In this last section of his memoir, Julius writes about the decision to leave Germany and their ultimate departure in December 1938.


Eventually the life of the German Jew became impossible. No longer could we travel. Our passports were taken away. Thus, we finally decided to sell the business. It was a very difficult decision. Our life blood and that of our ancestors was sentimentally involved in this enterprise, its buildings, its history.

If my departure from my desk after 45 years was difficult and slow, my departure from my homeland, however, was made brutally swift and final by the following events. During the night from the 9th to the 10th of November [1938], approximately 30 Nazi Storm Troopers broke into our home in Eschwege. They destroyed everything they could get their hands on. Furniture was broken. Upholstery was cut to shreds, china was broken, even paintings of internationally known artists were cut up. Even the marble window sills were broken in two.  My wife and our servant…had taken refuge in the upstairs bedroom as I was out of town on this night. They [the Nazis] broke into the bedroom, and my wife and [servant] took refuge on the outside balcony where they remained all night because had they been discovered, they would have been killed. It was a very cold and lonely frightful night.

I was reached by phone and came back to Eschwege to find my home in shambles and my wife frightened to the marrow of her bones. On the evening of my return, the Gestapo arrived at my home and told me that on order from higher authority, my life and that of my wife was not in danger. At that time I did not understand in full the meaning of this communication because it was not until later that I found out that nearly all the members of the Jewish congregation were arrested on that day, brutally mistreated, and shipped to the Concentration Camp at Buchenwald. Many, very many, never came back. I, however, had a guardian angel, as I was to find out later.

At night we drove to the Schlosshotel in Kassel where we were accepted and could stay, as in those days no Hotel accepted Jews anymore. We remained there two nights and obtained the necessary papers to emigrate from Germany….

It was the unbelievable energy and presence of mind of my dear wife that brought us through these hours, as it was she who arranged for the damaged silver and furniture to be repaired, arranged the travel papers, and supervised the packing of that which was possible to be taken with us. Thus, we were later able to sell a lot of these items in the USA in order to obtain some money and survive. …

During the second night of our stay in the Hotel in Kassel, the Hotel was checked by the Gestapo. We were not bothered this time, but preferred to move to Frankfurt where no Hotel accepted us. We took refuge in the empty Apartment of my niece Lotte Posen, my brother Siegfried’s daughter. Her husband had been arrested, and she had moved to her parents.

We had arrived on Friday afternoon, and our cousin Sitta Mainz sent us some fish and bread to eat; it was very nice of her. On Saturday morning my niece Lotte came to me and told me I could no longer stay in her Apartment as I resembled her father too much.

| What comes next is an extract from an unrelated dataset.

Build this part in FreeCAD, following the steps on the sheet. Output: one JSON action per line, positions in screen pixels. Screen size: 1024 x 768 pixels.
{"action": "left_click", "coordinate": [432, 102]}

My wife was at the English Consulate. What could I do? In spite of it being Shabbos, I took a taxi and drove to the English Consul in order to meet my wife. She became very upset when she saw me with my luggage, but she managed to take us to my cousin Selma Frankel, who took us with much love and cooperation and helped us in a very difficult situation. …

We returned once more to Eschwege for the final packing for just a few days and then back to Frankfurt where we stayed at the house of my aunt Hana Stern. [This must refer to Johanna Goldschmidt, wife of Abraham Stern, who was the brother of Julius’ mother Kiele Stern. Johanna was also, however, Kiele Stern’s first cousin, as Kiele’s mother Sarah Goldschmidt was the sister of Johanna’s father Selig Goldschmidt.] The house was occupied by her son-in-law who fled for his life in the middle of the night. [This must refer to Siegfried Oppenheimer, the husband of Alice Stern, as I wrote about here.] It was a terrible feeling as everyone around you took steps to save his naked life. Still living in the house upstairs lived the other son-in-law of my aunt, Albert Mainz [husband of Sitta Stern]. We had a last supper together, and the following morning we travelled to Stuttgart to ask at the American Consul for our visa. When we returned that same night, Albert Mainz and family also had fled. Our fright increased; we were very shaken and terrified. We decided to cross the Border that night. This move was long overdue.

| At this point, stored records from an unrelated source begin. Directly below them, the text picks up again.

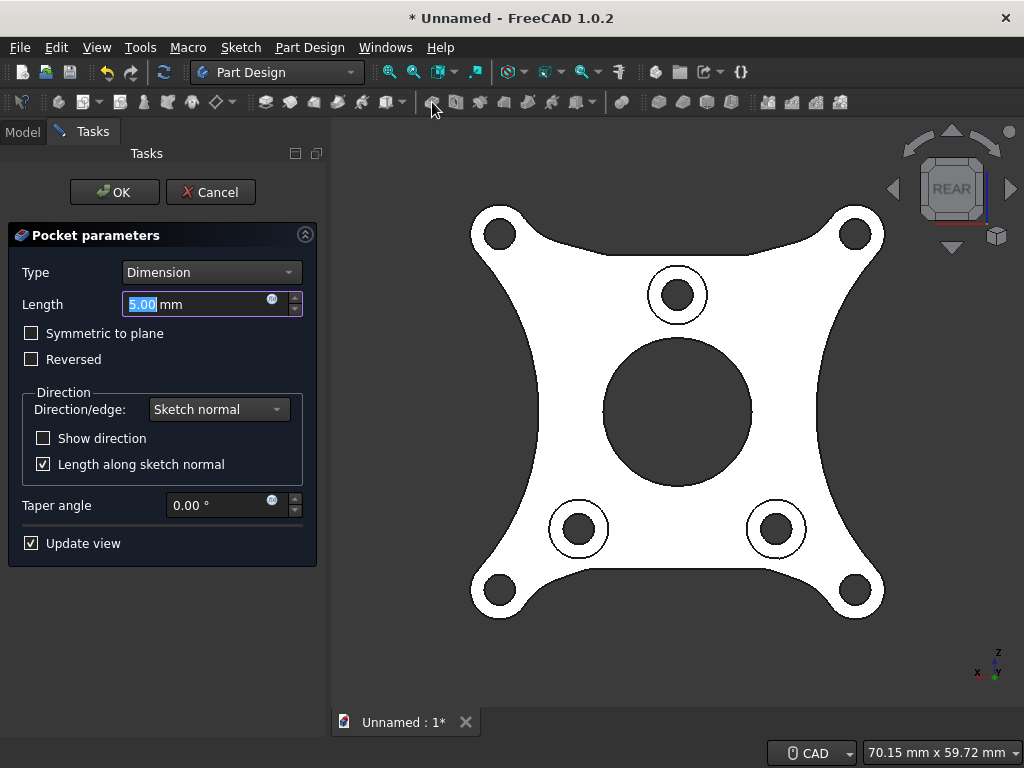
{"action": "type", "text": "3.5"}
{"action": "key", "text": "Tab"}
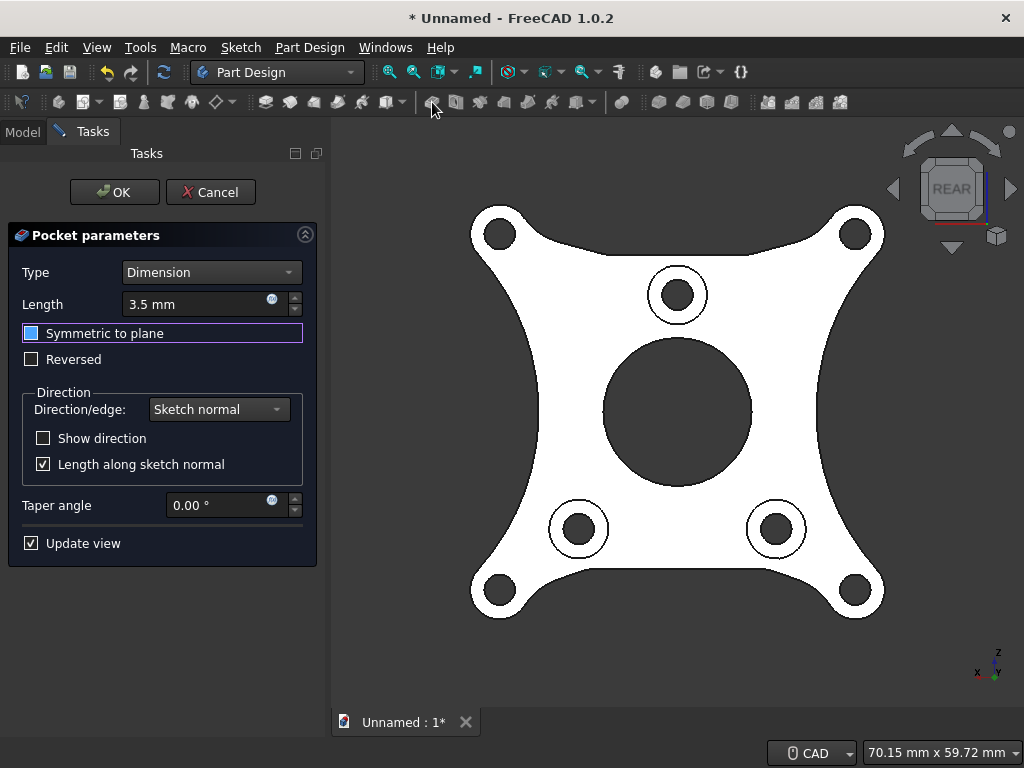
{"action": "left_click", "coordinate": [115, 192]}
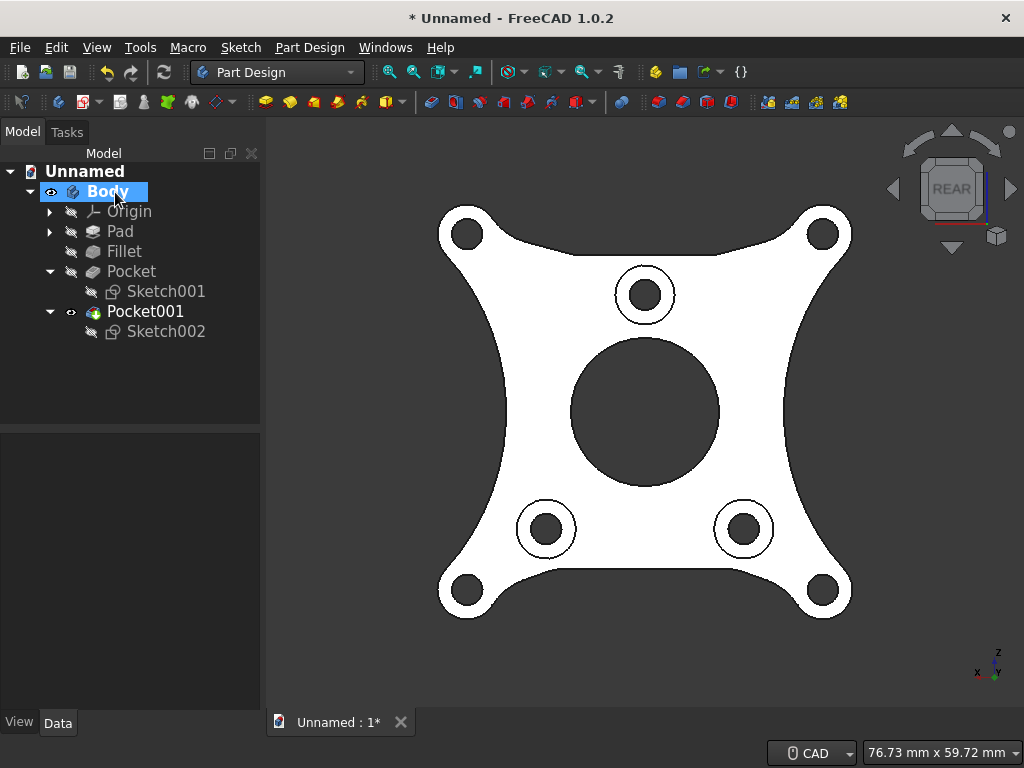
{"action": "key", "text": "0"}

We had just obtained the necessary railroad tickets and travel papers when 3 Gestapo Agents arrived and confiscated all my wife’s jewelry, even though we had received permission on a prior occasion to retain the same and take it with us. Now what? It was my last possession as I knew that none of the money I had left in the Bank would ever be transferred.

At that terrible moment I made a dangerous decision, unheard of in those days and beyond imagination. I called the head of the Internal Revenue for the State of Hessen, the top authority in the State, and requested his intervention. … My guardian angel who had protected me in the past so visibly also protected me now, and the Gestapo Agents were ordered to return the jewelry, which they did with much reluctance. Of course, this individual knew me as the seat of his Bureau was in Kassel and knew very well who I was, as in the past we were the largest taxpayers in the county of Eschwege.

We took the train to Holland. At the Border, the town of Emmrich, the passport control came through. After they had inspected us, the customs inspectors came through. In this sleeping car only people who were emigrating into Holland were travelling. All had to open their luggage and all had to surrender their jewelry and watches. When the inspectors came to me, they read my name and passed on. I did not have to open my bags nor did I have to surrender anything. My wife and myself looked at each other. We could not believe it. Fright was still deep in our bones. In a few minutes we were in Holland and finally able to sleep again. Our guardian angel was indeed a guardian to us.

It was the 8th of December, a dark and rainy day, but a happy day. We were only allowed to take with us 10 Marks in Dutch currency. Thus, I who had left Millions behind was happy to find a room on the third floor of a Pension where we could rest as now we were in a free land, and we were able to eat meat again. We were saved, but unfortunately without our Grandchild Margot. She eventually was brought out by her Grandfather Fulda, who even then still liked it in Germany. At this writing she is still in Amsterdam. I hope and with God’s help I will see her again. …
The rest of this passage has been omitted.